ASSIGNMENT. Please retype the entries exactly as they stand, leaving out any pictures.

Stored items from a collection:
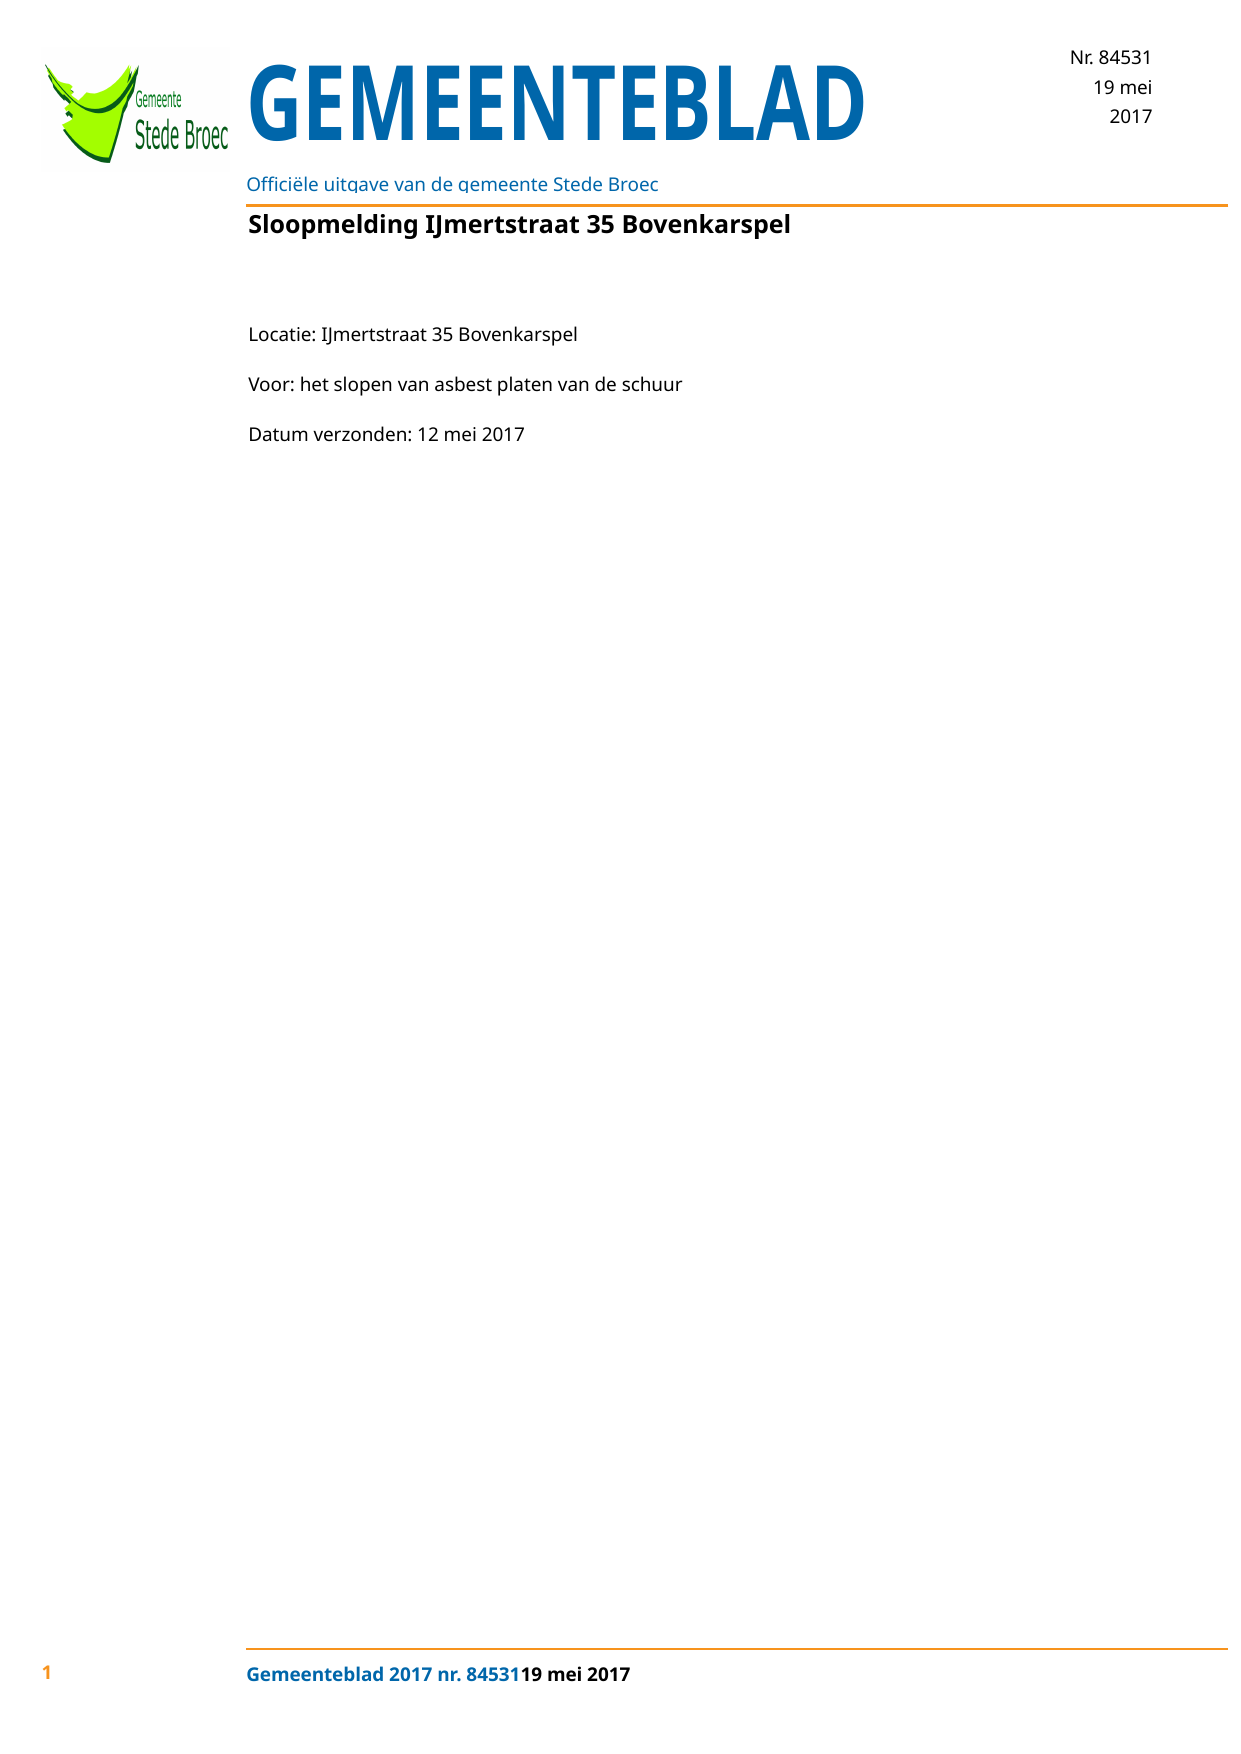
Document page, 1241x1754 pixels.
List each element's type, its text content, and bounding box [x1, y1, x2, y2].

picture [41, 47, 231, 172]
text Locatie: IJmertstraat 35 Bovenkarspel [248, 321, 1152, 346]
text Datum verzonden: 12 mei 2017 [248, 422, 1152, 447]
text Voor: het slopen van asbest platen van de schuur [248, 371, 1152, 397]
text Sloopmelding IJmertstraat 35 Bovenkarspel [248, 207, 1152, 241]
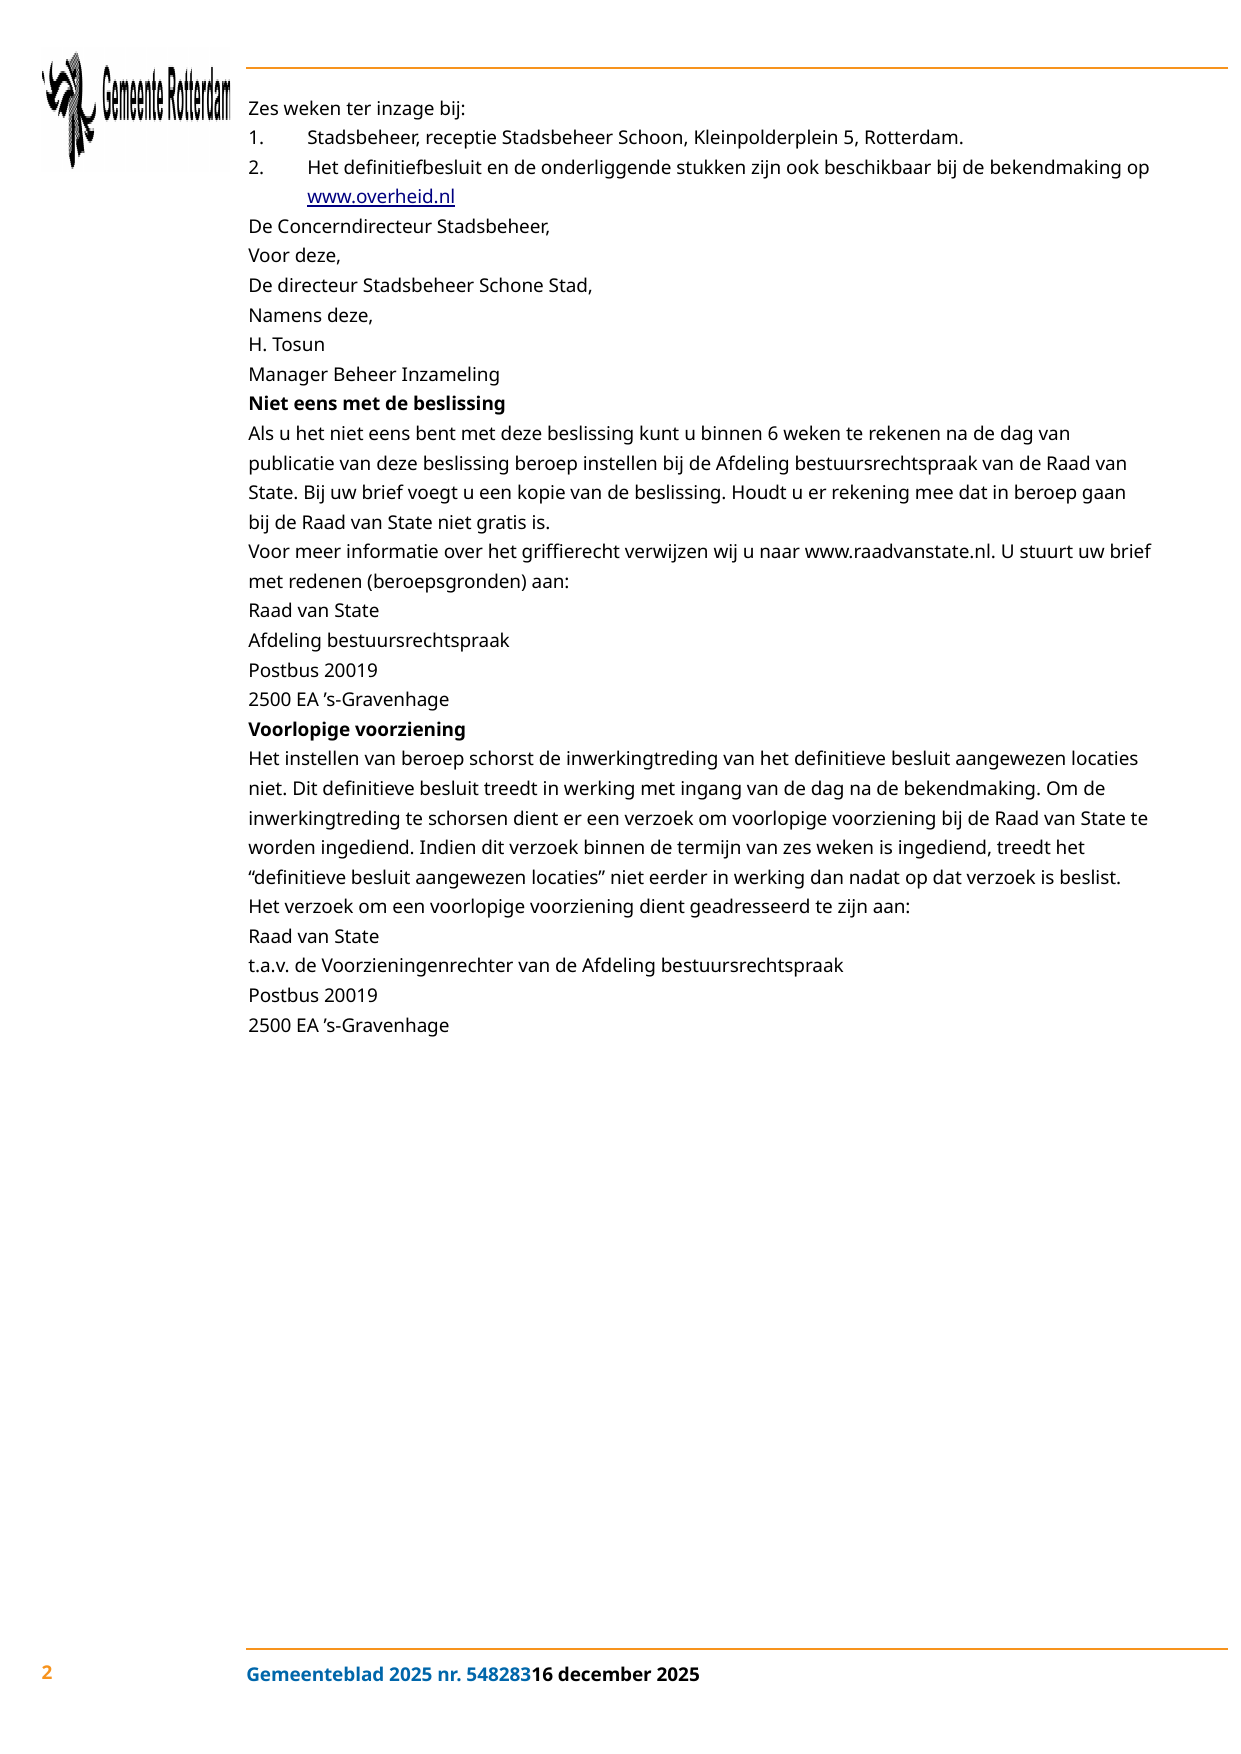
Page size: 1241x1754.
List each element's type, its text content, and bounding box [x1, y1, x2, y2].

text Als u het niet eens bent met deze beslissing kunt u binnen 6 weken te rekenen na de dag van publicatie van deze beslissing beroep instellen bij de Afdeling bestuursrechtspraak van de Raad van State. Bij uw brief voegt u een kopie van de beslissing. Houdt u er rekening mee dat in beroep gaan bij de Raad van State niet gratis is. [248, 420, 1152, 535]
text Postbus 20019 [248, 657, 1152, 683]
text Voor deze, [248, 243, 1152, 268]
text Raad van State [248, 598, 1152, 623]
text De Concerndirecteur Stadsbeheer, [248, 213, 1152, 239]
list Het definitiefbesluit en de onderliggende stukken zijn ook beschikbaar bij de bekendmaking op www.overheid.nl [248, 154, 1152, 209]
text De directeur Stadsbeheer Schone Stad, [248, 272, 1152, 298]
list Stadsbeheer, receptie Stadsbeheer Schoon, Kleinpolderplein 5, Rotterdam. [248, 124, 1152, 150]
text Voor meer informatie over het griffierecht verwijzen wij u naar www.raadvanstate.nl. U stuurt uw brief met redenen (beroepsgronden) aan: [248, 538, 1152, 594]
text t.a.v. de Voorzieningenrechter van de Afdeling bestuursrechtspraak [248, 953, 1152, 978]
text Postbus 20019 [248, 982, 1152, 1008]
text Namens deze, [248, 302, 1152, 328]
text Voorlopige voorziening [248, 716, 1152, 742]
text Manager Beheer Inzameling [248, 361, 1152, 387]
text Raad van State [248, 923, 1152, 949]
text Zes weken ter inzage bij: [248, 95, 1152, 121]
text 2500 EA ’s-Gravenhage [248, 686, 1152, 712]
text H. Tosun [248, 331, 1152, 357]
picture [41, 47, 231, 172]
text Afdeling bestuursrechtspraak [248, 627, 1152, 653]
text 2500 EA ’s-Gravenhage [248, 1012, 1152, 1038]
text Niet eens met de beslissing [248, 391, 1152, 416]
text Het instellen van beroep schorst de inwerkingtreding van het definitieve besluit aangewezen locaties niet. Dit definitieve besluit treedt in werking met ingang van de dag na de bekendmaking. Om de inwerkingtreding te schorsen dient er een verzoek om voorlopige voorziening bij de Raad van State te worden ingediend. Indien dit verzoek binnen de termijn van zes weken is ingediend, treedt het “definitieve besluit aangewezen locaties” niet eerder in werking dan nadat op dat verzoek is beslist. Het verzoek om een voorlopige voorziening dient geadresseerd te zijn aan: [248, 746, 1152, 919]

ANSWER SPACE.
Document page, 1241x1754 pixels.
List each element's type, its text content, and bounding box [x1, y1, x2, y2].

picture [41, 47, 231, 172]
text Locatie: IJmertstraat 35 Bovenkarspel [248, 321, 1152, 346]
text Datum verzonden: 12 mei 2017 [248, 422, 1152, 447]
text Voor: het slopen van asbest platen van de schuur [248, 371, 1152, 397]
text Sloopmelding IJmertstraat 35 Bovenkarspel [248, 207, 1152, 241]
Page size: 1241x1754.
List each element's type, its text content, and bounding box [x1, y1, x2, y2].

text Als u het niet eens bent met deze beslissing kunt u binnen 6 weken te rekenen na de dag van publicatie van deze beslissing beroep instellen bij de Afdeling bestuursrechtspraak van de Raad van State. Bij uw brief voegt u een kopie van de beslissing. Houdt u er rekening mee dat in beroep gaan bij de Raad van State niet gratis is. [248, 420, 1152, 535]
text Postbus 20019 [248, 657, 1152, 683]
text Voor deze, [248, 243, 1152, 268]
text Raad van State [248, 598, 1152, 623]
text De Concerndirecteur Stadsbeheer, [248, 213, 1152, 239]
list Het definitiefbesluit en de onderliggende stukken zijn ook beschikbaar bij de bekendmaking op www.overheid.nl [248, 154, 1152, 209]
text De directeur Stadsbeheer Schone Stad, [248, 272, 1152, 298]
list Stadsbeheer, receptie Stadsbeheer Schoon, Kleinpolderplein 5, Rotterdam. [248, 124, 1152, 150]
text Voor meer informatie over het griffierecht verwijzen wij u naar www.raadvanstate.nl. U stuurt uw brief met redenen (beroepsgronden) aan: [248, 538, 1152, 594]
text t.a.v. de Voorzieningenrechter van de Afdeling bestuursrechtspraak [248, 953, 1152, 978]
text Postbus 20019 [248, 982, 1152, 1008]
text Namens deze, [248, 302, 1152, 328]
text Voorlopige voorziening [248, 716, 1152, 742]
text Manager Beheer Inzameling [248, 361, 1152, 387]
text Raad van State [248, 923, 1152, 949]
text Zes weken ter inzage bij: [248, 95, 1152, 121]
text 2500 EA ’s-Gravenhage [248, 686, 1152, 712]
text H. Tosun [248, 331, 1152, 357]
picture [41, 47, 231, 172]
text Afdeling bestuursrechtspraak [248, 627, 1152, 653]
text 2500 EA ’s-Gravenhage [248, 1012, 1152, 1038]
text Niet eens met de beslissing [248, 391, 1152, 416]
text Het instellen van beroep schorst de inwerkingtreding van het definitieve besluit aangewezen locaties niet. Dit definitieve besluit treedt in werking met ingang van de dag na de bekendmaking. Om de inwerkingtreding te schorsen dient er een verzoek om voorlopige voorziening bij de Raad van State te worden ingediend. Indien dit verzoek binnen de termijn van zes weken is ingediend, treedt het “definitieve besluit aangewezen locaties” niet eerder in werking dan nadat op dat verzoek is beslist. Het verzoek om een voorlopige voorziening dient geadresseerd te zijn aan: [248, 746, 1152, 919]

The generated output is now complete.